*** DATA Section Begins ***
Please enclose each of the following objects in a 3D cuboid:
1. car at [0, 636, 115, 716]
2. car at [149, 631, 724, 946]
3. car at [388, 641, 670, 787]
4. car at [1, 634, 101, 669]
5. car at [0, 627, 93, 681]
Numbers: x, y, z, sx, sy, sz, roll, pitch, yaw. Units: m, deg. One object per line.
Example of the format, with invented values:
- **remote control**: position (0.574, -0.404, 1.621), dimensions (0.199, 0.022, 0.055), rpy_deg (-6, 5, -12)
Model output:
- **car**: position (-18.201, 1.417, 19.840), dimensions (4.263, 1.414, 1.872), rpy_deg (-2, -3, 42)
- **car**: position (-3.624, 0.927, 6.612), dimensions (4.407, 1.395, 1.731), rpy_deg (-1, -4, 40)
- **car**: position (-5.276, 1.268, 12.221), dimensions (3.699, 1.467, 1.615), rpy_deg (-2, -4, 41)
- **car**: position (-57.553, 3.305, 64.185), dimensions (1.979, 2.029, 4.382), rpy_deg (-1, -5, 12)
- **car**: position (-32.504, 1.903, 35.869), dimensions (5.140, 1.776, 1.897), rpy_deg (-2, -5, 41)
*** DATA Section Ends ***
*** DATA Section Begins ***
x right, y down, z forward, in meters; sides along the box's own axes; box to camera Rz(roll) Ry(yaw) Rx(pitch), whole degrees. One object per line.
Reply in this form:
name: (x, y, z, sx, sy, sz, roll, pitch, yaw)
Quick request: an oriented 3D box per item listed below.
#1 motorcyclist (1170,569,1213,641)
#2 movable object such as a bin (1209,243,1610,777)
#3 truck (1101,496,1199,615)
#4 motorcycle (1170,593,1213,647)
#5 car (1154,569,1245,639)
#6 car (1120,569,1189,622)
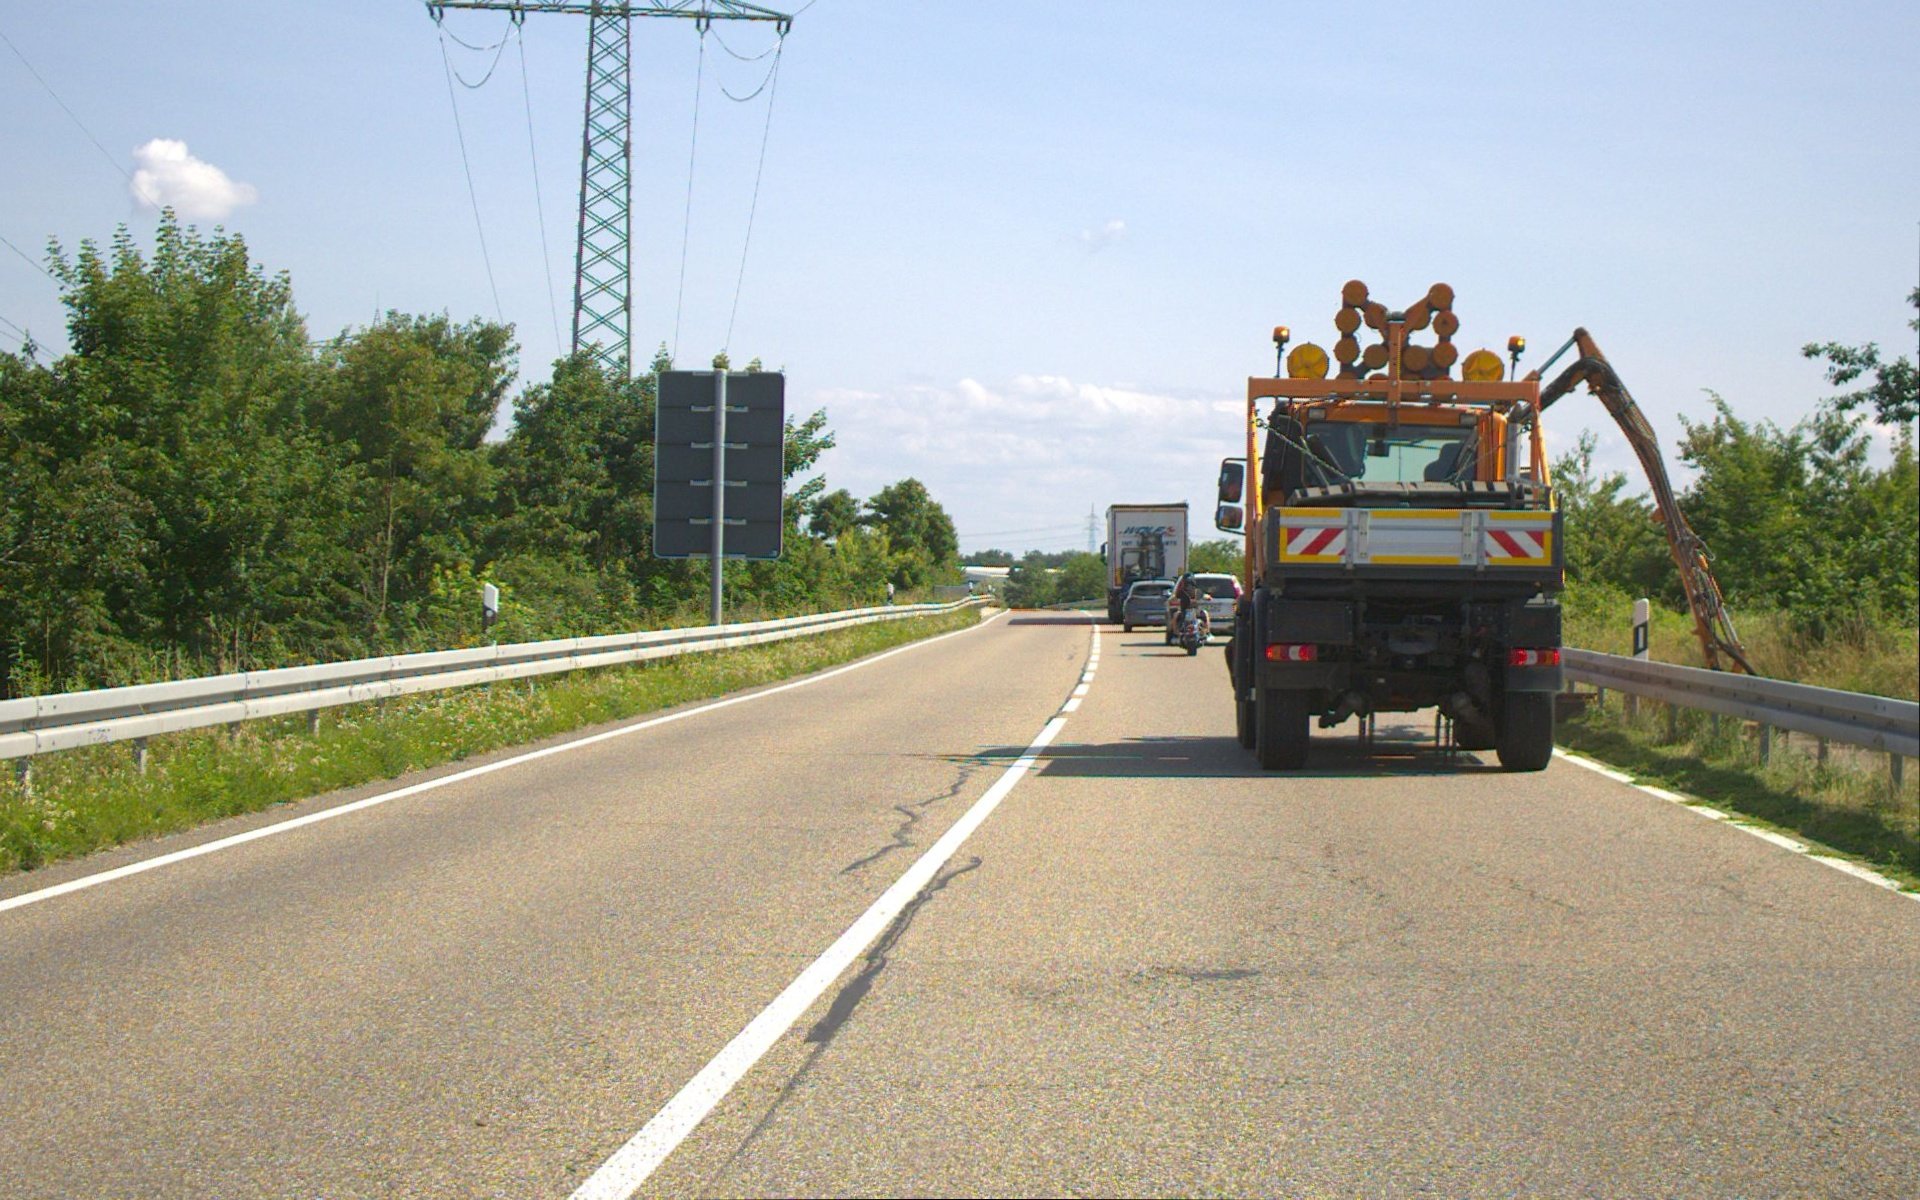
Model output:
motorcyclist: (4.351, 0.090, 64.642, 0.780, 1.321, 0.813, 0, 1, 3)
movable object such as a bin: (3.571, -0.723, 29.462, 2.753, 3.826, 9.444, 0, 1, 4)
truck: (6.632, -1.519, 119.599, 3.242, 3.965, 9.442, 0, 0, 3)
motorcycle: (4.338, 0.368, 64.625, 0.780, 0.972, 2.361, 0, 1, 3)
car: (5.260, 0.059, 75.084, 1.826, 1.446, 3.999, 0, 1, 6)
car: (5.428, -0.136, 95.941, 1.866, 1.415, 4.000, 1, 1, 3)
*** DATA Section Ends ***
TASK STATEMENT: Where a line of the data above includes the string "roll", pull it out.

RESPONSE TO THE TASK:
Numbers: x, y, z, sx, sy, sz, roll, pitch, yaw. Units: m, deg. One object per line.
x right, y down, z forward, in meters; sides along the box's own axes; box to camera Rz(roll) Ry(yaw) Rx(pitch), whole degrees. One object per line.
name: (x, y, z, sx, sy, sz, roll, pitch, yaw)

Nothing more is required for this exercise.